On sait depuis les imprécations antipopulaires de Platon que la démocratie porte avec elle la tentation de la démagogie. Peut-être même sont-elles toutes les deux associées, liées dès l'oeuf, jumelles utérines, soeurs siamoises? La réponse de Platon face à cette bâtardise de la démocratie fut terrifiante: le gouvernement de la compétence absolue du philosophe. Par ailleurs, avec l'effondrement des transcendances, platoniciennes et chrétiennes, il ressort qu'il ne peut pas y avoir d'autre source de légitimité du pouvoir que le suffrage universel. Ces derniers temps, une maladie plus récente que la démagogie est apparue sur le corps de la démocratie, une pathologie aux apparences plus clean, une maladie qui n'est pas purulente comme les discours de Le Pen, de De Villiers ou de Jirinowski, une maladie présentable, quasi invisible, une maladie qui a quelque chose des virus informatiques: l'expertise, l'hyperlogie. «Quelle barbarie experte voudra bien de nous demain?», demandait René Char. La comédie qui s'est jouée devant les électeurs en juin 1994 était la suivante: démagogie des partisans du «non» (excepté Séguin et Chevènement, rares politiques) et morgue d'expert des partisans du «oui». La politique, dont les Français ont faim et soif, s'est trouvée réduite à néant, écrasée en sandwich entre les deux, le démagogue et l'hyperlogue. Tout laisse prévoir que l'élection présidentielle qui s'annonce recommencera ce même jeu, conduisant à la victoire de l'impolitique qu'est Balladur.
Deux puissances trompeuses menacent le suffrage universel, et non pas une seule comme les experts, les hyperlogues, veulent à tout prix nous le faire accroire.
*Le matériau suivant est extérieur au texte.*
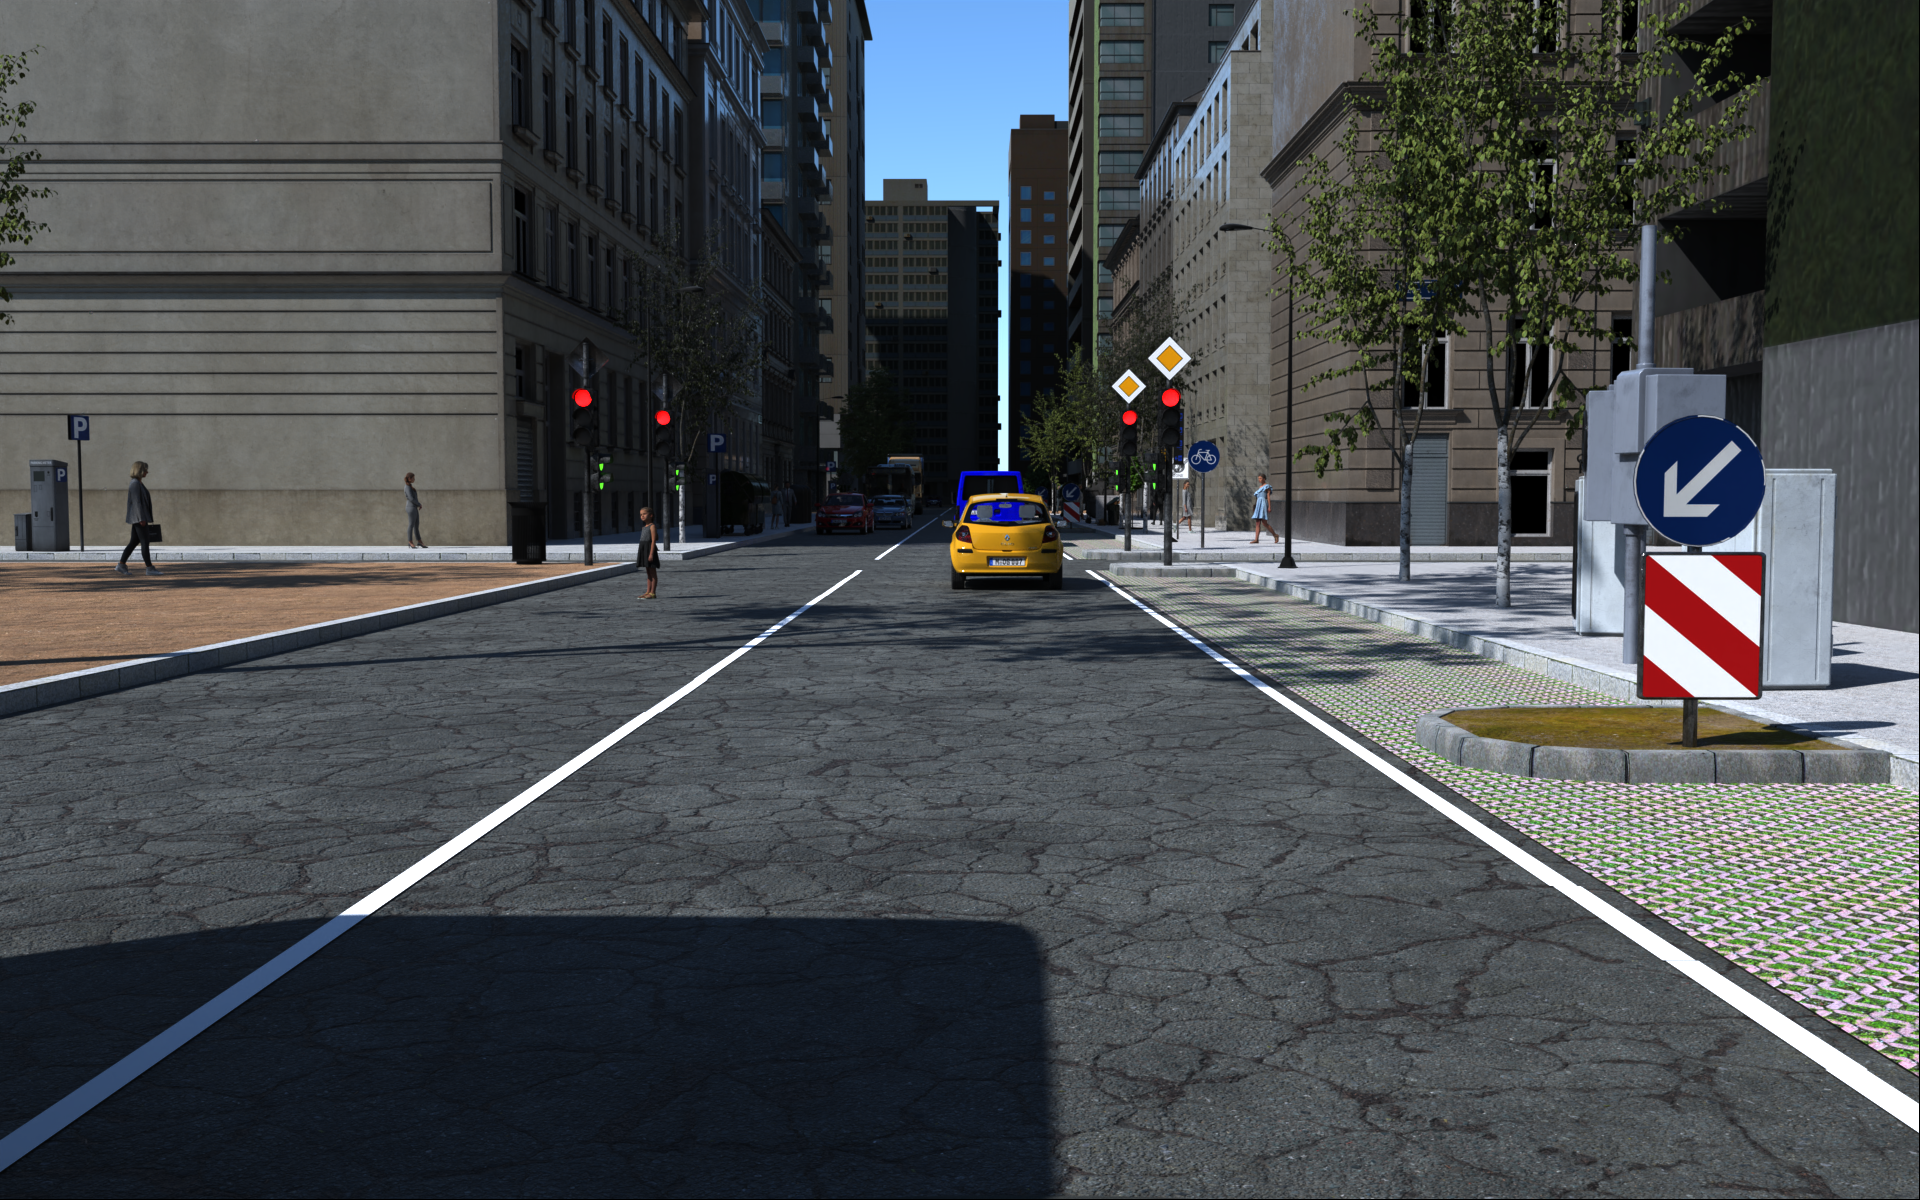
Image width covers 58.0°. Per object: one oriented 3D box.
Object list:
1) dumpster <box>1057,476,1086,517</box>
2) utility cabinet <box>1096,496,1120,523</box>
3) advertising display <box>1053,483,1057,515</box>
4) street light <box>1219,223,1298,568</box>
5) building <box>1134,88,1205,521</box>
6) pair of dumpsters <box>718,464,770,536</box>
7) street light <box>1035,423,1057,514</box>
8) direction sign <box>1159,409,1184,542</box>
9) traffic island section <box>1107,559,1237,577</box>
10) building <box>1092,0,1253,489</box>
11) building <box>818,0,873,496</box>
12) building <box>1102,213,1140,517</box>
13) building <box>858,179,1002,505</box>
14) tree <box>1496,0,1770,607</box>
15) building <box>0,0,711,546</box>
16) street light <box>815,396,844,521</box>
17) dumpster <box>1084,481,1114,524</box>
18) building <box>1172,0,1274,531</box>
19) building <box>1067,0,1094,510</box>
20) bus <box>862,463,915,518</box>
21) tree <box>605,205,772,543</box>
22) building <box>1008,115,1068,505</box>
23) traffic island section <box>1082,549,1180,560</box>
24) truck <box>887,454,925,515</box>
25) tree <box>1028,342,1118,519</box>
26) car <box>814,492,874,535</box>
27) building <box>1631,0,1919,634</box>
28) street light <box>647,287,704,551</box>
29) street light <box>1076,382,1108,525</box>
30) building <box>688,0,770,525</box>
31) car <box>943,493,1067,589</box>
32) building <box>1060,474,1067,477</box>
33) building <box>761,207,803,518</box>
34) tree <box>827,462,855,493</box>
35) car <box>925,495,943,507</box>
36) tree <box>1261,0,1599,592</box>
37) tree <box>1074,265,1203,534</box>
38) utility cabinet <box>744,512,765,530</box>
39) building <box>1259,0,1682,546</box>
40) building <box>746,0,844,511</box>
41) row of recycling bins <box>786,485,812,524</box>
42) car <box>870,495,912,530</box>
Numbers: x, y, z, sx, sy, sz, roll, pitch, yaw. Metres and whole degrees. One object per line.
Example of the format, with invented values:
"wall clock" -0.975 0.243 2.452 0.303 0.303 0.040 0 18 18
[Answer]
"dumpster" 6.234 -5.761 96.688 1.502 2.255 1.985 0 4 0
"utility cabinet" 6.329 -3.851 74.118 1.020 1.237 0.306 1 4 16
"advertising display" 5.785 -6.130 105.440 0.123 1.923 0.974 1 4 9
"street light" 5.148 -3.507 29.883 1.470 5.913 1.316 0 4 0
"building" 14.297 -14.471 85.746 9.793 20.994 18.267 0 4 0
"pair of dumpsters" -6.999 -3.196 54.748 1.574 2.255 4.437 0 4 1
"street light" 5.649 -8.655 114.052 1.470 5.913 1.316 0 4 0
"direction sign" 5.644 -3.320 46.279 0.379 3.537 0.876 -3 4 -38
"traffic island section" 3.748 -0.537 31.054 2.009 0.180 2.903 0 4 0
"building" 16.742 -27.164 127.726 14.154 41.232 14.086 0 4 0
"building" -23.186 -35.656 172.212 27.495 52.752 28.713 0 4 0
"building" 14.565 -14.674 104.543 10.561 19.102 19.286 0 4 0
"building" -6.869 -32.068 216.198 23.993 40.220 32.217 0 4 0
"tree" 6.250 -4.211 19.212 4.737 8.622 4.395 0 3 0
"building" -18.305 -13.633 56.185 16.112 22.955 30.059 0 4 0
"street light" -6.211 -6.708 82.210 1.470 5.913 1.316 0 4 0
"dumpster" 6.106 -4.263 75.462 1.264 1.857 1.865 0 4 0
"building" 14.525 -13.045 68.029 10.420 20.320 16.860 0 4 0
"building" 20.293 -31.901 145.288 21.300 48.544 21.600 0 4 0
"bus" -4.034 -6.561 102.129 2.948 3.499 13.247 0 4 -1
"tree" -7.063 -5.806 45.291 4.360 8.622 3.978 0 3 0
"building" 13.029 -34.103 207.698 14.200 45.320 14.600 0 4 0
"traffic island section" 3.803 -1.025 39.039 2.009 0.180 2.903 0 4 0
"truck" -3.831 -8.182 122.695 2.839 4.237 11.283 0 4 -1
"tree" 6.138 -8.117 83.074 4.737 8.622 4.395 0 3 0
"car" -4.134 -3.272 62.545 2.155 1.783 4.494 0 4 2
"building" 15.848 -15.205 20.304 14.160 30.474 14.107 0 4 0
"street light" -6.431 -4.059 38.911 1.470 5.913 1.316 0 4 0
"street light" 5.494 -6.070 71.786 1.470 5.913 1.316 0 4 0
"building" -16.619 -18.051 81.039 13.634 28.700 20.117 0 4 0
"car" 0.720 -1.054 27.456 2.015 1.641 3.980 0 4 1
"building" 22.287 -33.739 171.240 23.786 49.044 30.456 0 4 0
"building" -15.302 -14.456 100.988 10.561 19.102 19.286 0 4 0
"tree" -7.133 -6.681 103.842 1.663 3.219 1.824 0 3 0
"car" -2.833 -10.752 188.368 1.945 1.354 3.894 0 4 0
"tree" 6.591 -4.605 25.657 4.737 8.622 4.395 0 3 0
"tree" 5.999 -6.481 56.325 4.360 8.622 3.978 0 3 0
"utility cabinet" -7.387 -3.272 62.174 0.318 1.500 1.173 1 4 18
"building" 21.596 -15.283 47.136 25.104 27.353 12.463 0 4 0
"building" -21.245 -31.176 129.343 23.786 49.044 30.456 0 4 0
"row of recycling bins" -7.119 -4.251 76.621 1.069 1.692 3.534 0 4 2
"car" -2.947 -3.626 71.291 2.014 1.417 4.499 0 4 2

Selon eux, le démagogue empestant l'haleine des faubourgs serait le seul trompeur. Le suffrage universel est en outre grugé par ceux qui affirment savoir; ainsi se souvient-on de tous les experts qui nous assuraient, alors que nous étions hésitants, que la guerre du Golfe était indispensable pour faire repartir l'économie mondiale, qu'après cette guerre le monde entrerait dans une période de prospérité égale à ces fameuses «Trente Glorieuses» contre lesquelles se dressèrent tous les mouvements des années 60. Leurs arguments manipulaient une vague et largement inconsciente nostalgie édénique en faveur de ce que nous détestions naguère et tenions en ce temps-là pour une cage dorée. L'appareillage autant pseudo-scientifique qu'intimidant de l'économie et des sciences politiques nous était présenté avec force tableaux et discours bien faits, afin de nous convaincre d'acquiescer à une guerre dont le butin devait être le beurre après les canons. Chacun sait ce qu'il en advint. L'hyperlogie experte place le suffrage universel devant la déesse compétence: on a le souvenir des arguments des promaastrichtiens qui claironnaient que le suffrage universel devait leur donner raison puisque, eux, ils étaient détenteurs du savoir. Nul n'a oublié ni leur arrogance ni leur morgue. Le suffrage universel devait être l'adhésion des ignorants au logos technocratique! Il y a eu là, au nom de la compétence, un chantage au suffrage universel par certaines élites, qui s'apparentait à une tyrannie du Logos (1). La technocratie est un déni du politique, une dé-politique. Le suffrage universel n'avait d'autre raison d'être que d'avaliser le savoir. Mais en face des hyperlogues, on ne trouvait pour les contrer que des démagogues. Entre les hyperlogues à l'âme polie et les démagogues à la conscience crasseuse, le lieu de la politique s'était effondré, il n'y avait plus rien ni personne. C'est la politique qui avait disparu, aussi vite que l'Atlantide s'était engloutie, et comme pour l'Atlantide, en dépit des fantômes que son mythe peut encore nourrir, nul ne sait ce qu'elle est devenue.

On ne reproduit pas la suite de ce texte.